Task goal: Show all lines containing "Point" from the data below.

Information shown:
- Opening Delimiter -

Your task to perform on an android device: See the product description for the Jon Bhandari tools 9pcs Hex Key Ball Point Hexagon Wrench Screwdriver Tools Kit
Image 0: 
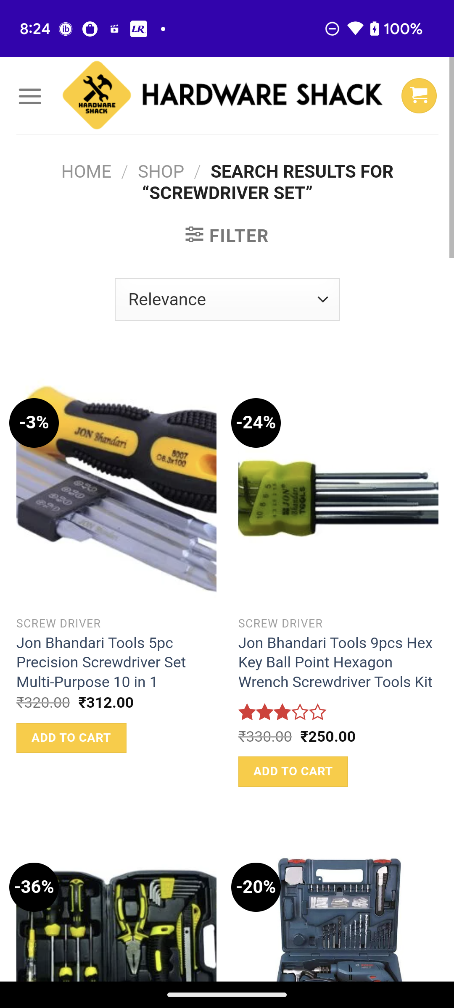
Click on the Jon Bhandari tools 9pcs Hex Key Ball Point Hexagon Wrench Screwdriver Tools Kit
Step 0: click (338, 485)
Image 1: 
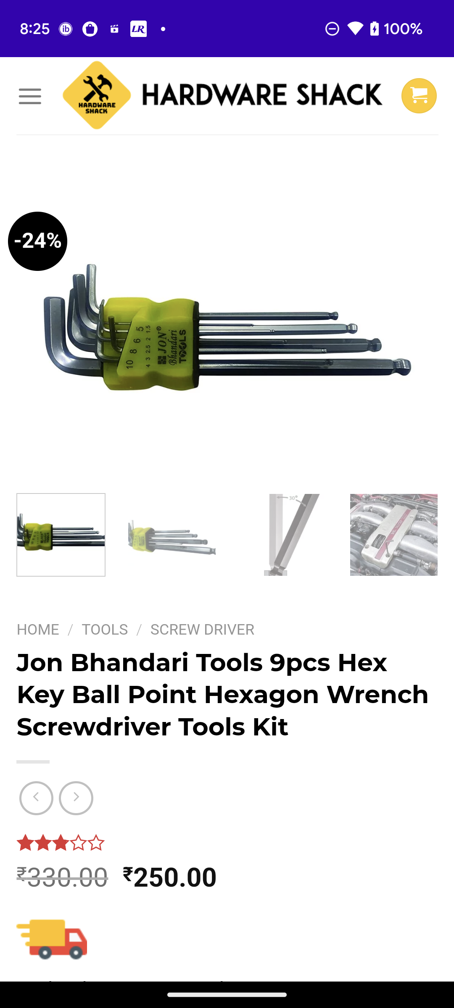
swipe up to view tool description
Step 1: scroll down
Image 2: 
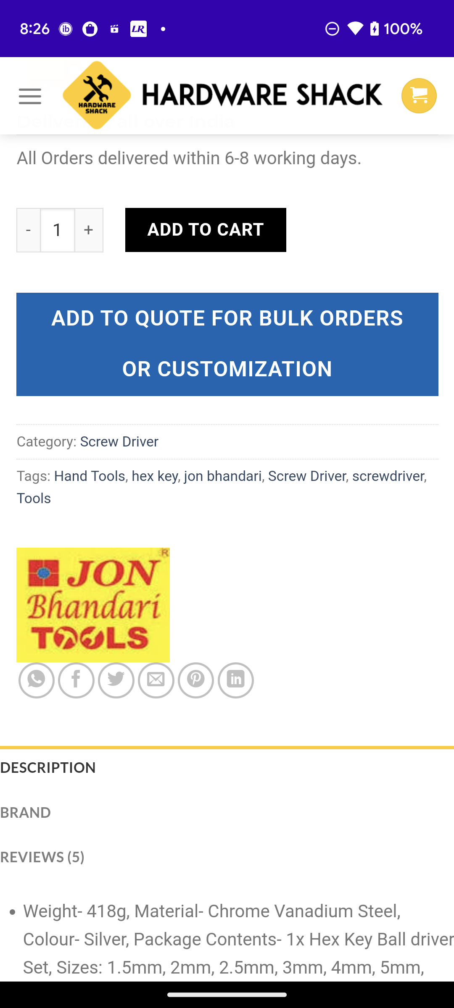
swipe up to view tool description
Step 2: scroll down

- Closing Delimiter -

Solution below:
Your task to perform on an android device: See the product description for the Jon Bhandari tools 9pcs Hex Key Ball Point Hexagon Wrench Screwdriver Tools Kit
Click on the Jon Bhandari tools 9pcs Hex Key Ball Point Hexagon Wrench Screwdriver Tools Kit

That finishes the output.